(Collection entries)
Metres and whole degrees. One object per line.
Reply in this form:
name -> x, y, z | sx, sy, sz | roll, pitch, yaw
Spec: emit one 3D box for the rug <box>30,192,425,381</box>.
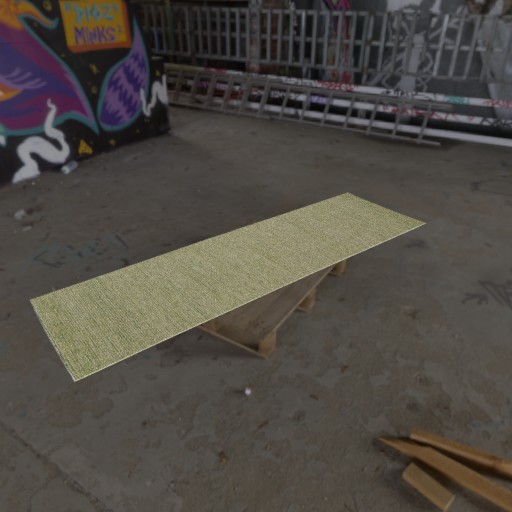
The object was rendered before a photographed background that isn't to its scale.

THE PROBLEM: Based on the records above, how many lines hold the string "object"? Answer with the number by itself.

ANSWER SPACE: 2